Ferrante is an expert in applied and computational methods, machine vision, and analytical modeling of complex systems. His recent projects include developing a state-of-the-art computer vision framework to classify and segment several objects within high-resolution satellite images; the detection framework can be applied to a host of infrastructure and development questions and provide insights on a national or global scale.

Miscellaneous projects include predicting cybersecurity vulnerabilities, an AI chatterbot platform with a built-in recommendation system, and 3D modeling of houses using photographs.

Physics

I work with mathematical and nonperturbative aspects of Gauge Theory, and their relations to symmetry breaking (local or global) and how the moduli space and its topology determine the quantization of the physical system at hand.
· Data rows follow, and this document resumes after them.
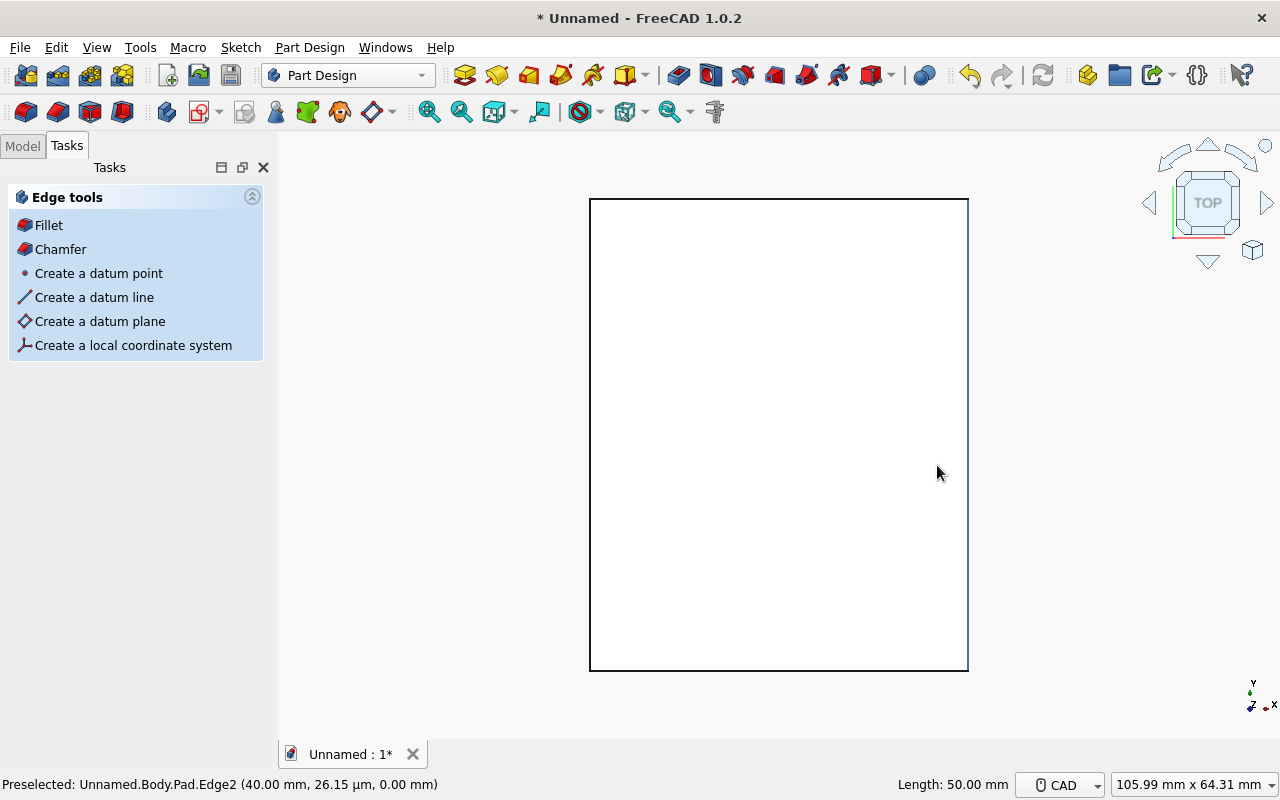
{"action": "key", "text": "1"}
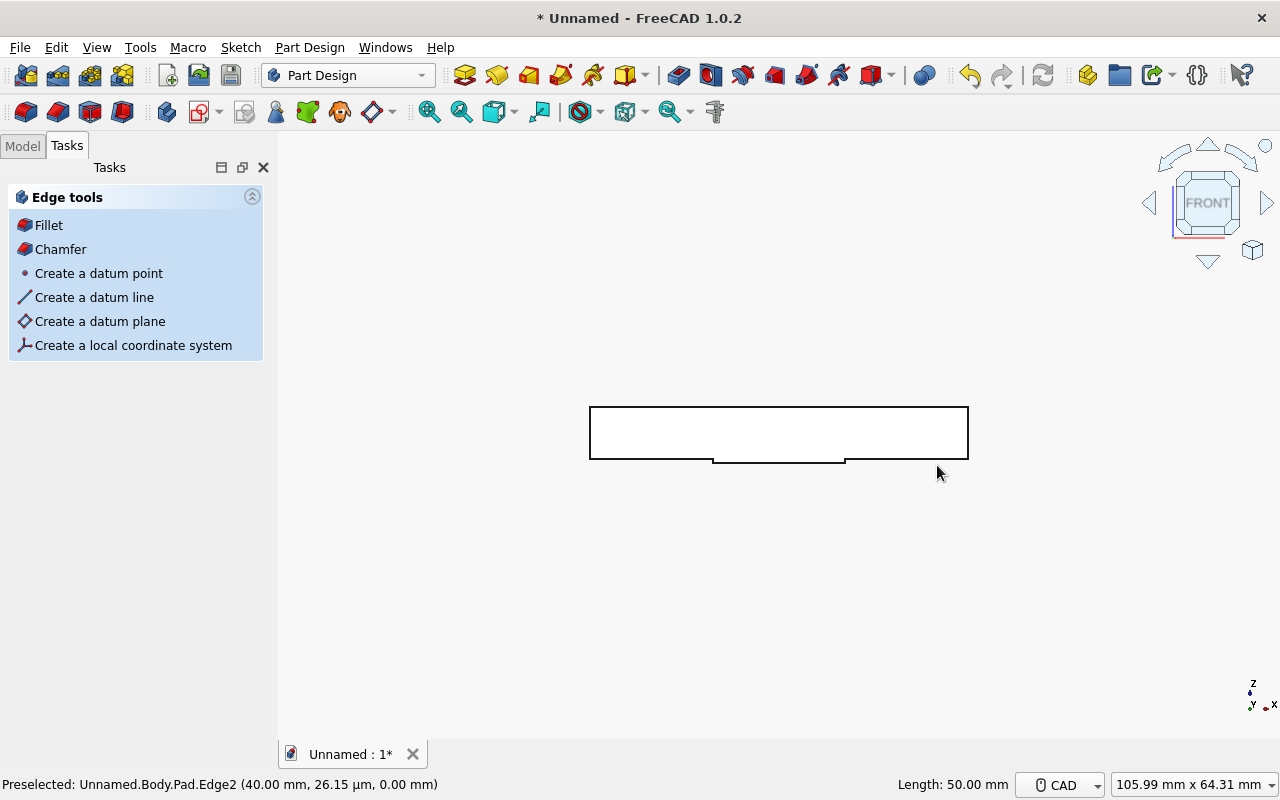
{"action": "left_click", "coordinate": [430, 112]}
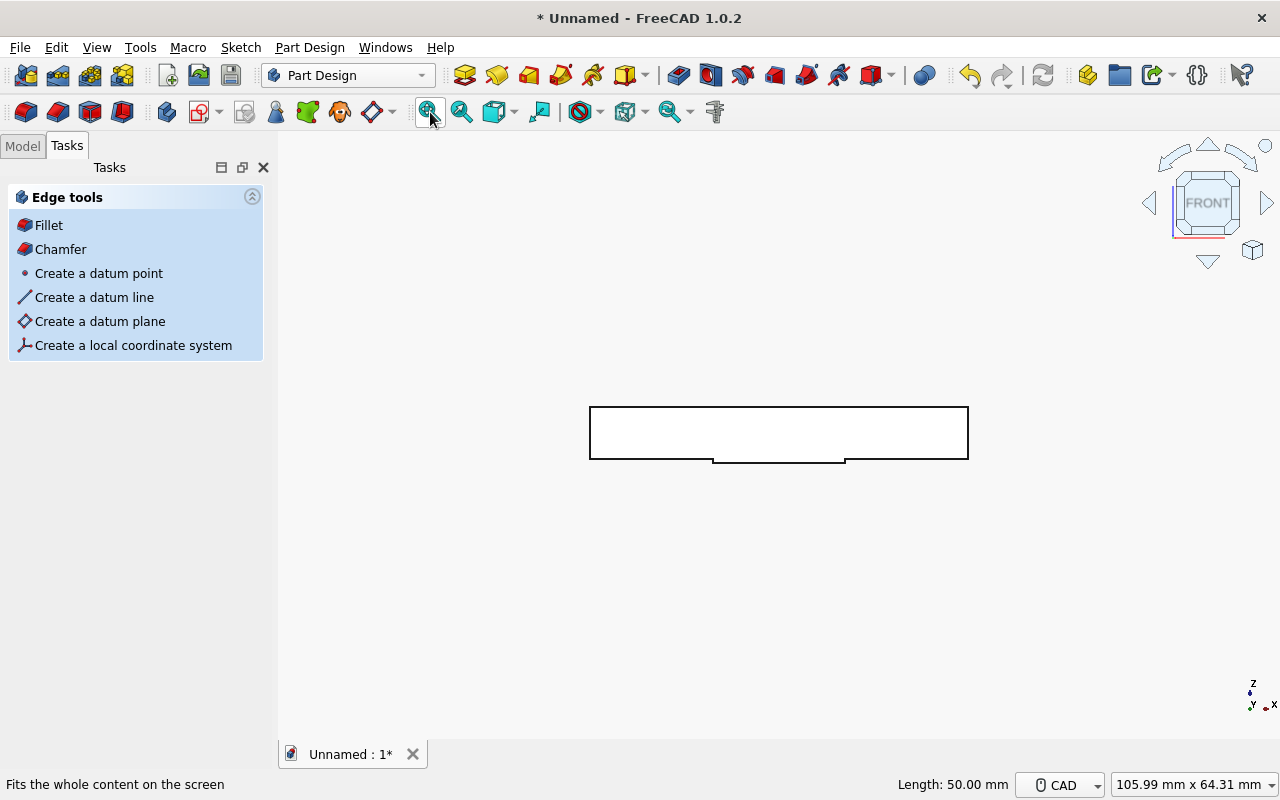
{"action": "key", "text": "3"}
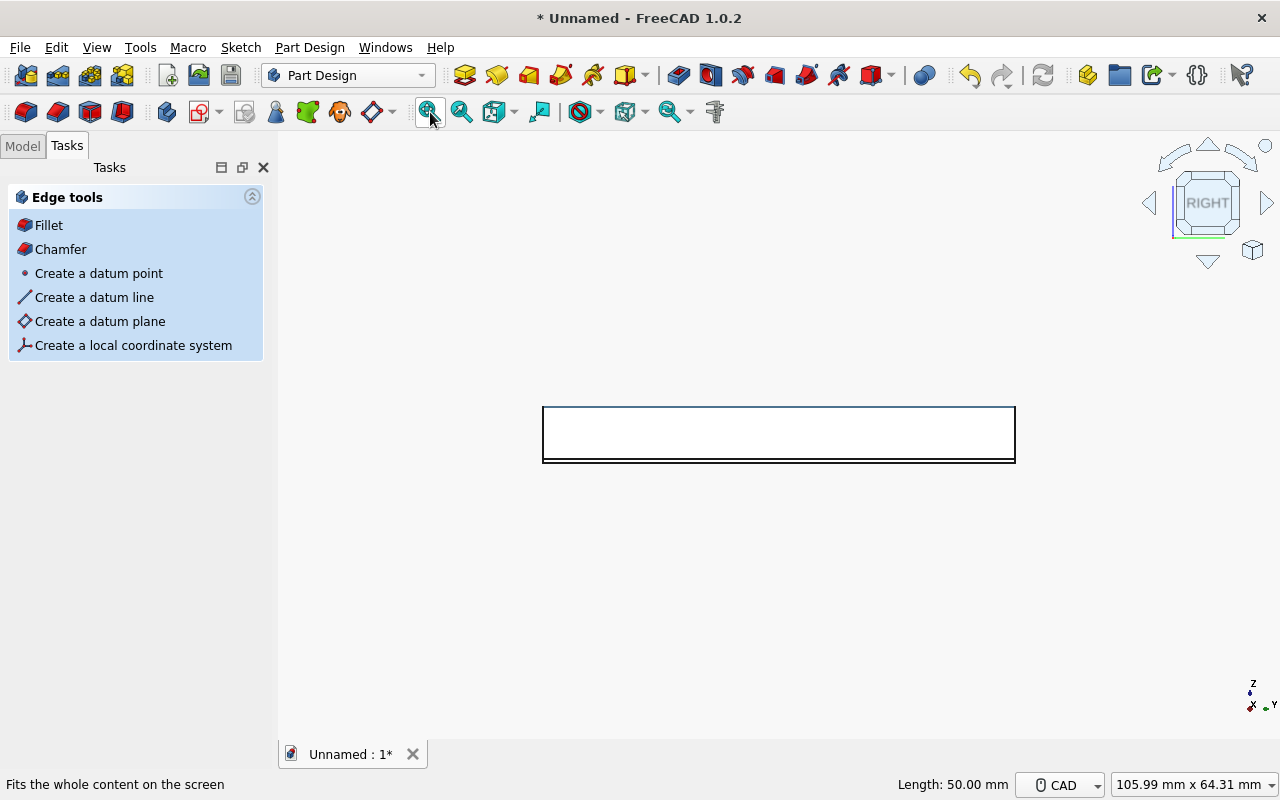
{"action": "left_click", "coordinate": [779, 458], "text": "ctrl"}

I am also interested in quantum phases and the space of quantum field theories, non-linear Fredholm theory, branes and topological quantization (which is related to the previous topic via Index Theorems); noncommutative and spectral geometry, and their relation to deformation and geometric quantization; Higgs Bundles; Geometric Langlands Duality (dualities in general: AdS/CFT, modular and mirror symmetry, etc); quantum fields in curved spaces; higher gauge theory and category theory; and so on — and their relations to Quantum Gravity.

Using the arXivs’ notation: hep-th, math-ph, hep-lat, gr-qc.

My scientific articles can be found in the arXivs, or in inSPIRE; and my Lattes CV (pt_BR).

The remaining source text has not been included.